Print the lines that run from the line with "Quick response, please. 1,072,800-2,025,200." to the line with "Concise answer only. 3,905,500-11,044,400.", keeping both end lines, exactly as they appear in the entries below, and nothing else.

Records from a data source
---

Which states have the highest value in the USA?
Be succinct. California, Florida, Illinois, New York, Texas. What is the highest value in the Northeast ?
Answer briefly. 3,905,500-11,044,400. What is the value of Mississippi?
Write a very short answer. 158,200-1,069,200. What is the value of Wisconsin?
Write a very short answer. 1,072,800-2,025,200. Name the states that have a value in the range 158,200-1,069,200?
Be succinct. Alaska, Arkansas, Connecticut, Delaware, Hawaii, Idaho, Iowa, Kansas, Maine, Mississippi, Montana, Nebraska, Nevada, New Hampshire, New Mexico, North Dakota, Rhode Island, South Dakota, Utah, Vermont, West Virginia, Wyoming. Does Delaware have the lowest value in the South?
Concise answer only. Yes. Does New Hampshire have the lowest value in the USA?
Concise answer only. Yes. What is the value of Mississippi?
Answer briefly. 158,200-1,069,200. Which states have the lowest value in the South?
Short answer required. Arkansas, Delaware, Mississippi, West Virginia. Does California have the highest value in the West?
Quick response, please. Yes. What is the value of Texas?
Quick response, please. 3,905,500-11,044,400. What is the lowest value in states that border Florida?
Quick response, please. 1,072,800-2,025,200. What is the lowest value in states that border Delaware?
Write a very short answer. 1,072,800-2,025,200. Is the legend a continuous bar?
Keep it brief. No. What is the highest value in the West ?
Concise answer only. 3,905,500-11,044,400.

---

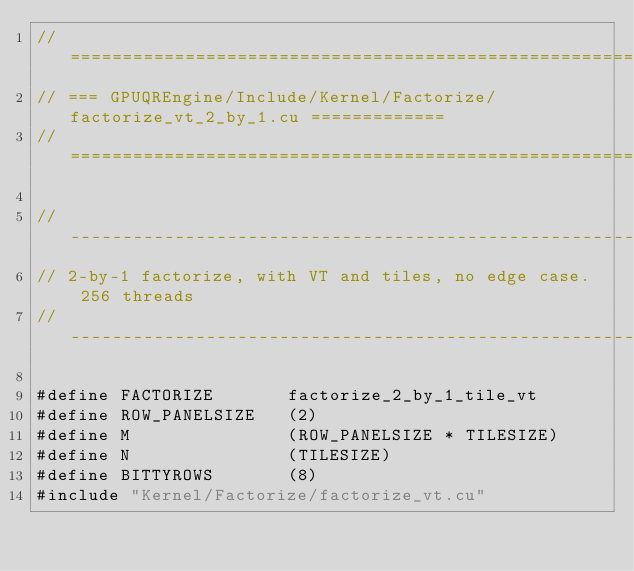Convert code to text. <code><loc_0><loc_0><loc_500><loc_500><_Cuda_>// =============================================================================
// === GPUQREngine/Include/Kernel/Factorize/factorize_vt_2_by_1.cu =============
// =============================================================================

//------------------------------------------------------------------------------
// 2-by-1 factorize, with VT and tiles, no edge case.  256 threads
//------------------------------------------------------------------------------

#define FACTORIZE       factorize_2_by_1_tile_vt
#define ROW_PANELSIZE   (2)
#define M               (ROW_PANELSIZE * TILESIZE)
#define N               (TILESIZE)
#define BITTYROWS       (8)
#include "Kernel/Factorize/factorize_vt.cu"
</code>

---

ANSWER SECTION -
Quick response, please. 1,072,800-2,025,200. What is the lowest value in states that border Delaware?
Write a very short answer. 1,072,800-2,025,200. Is the legend a continuous bar?
Keep it brief. No. What is the highest value in the West ?
Concise answer only. 3,905,500-11,044,400.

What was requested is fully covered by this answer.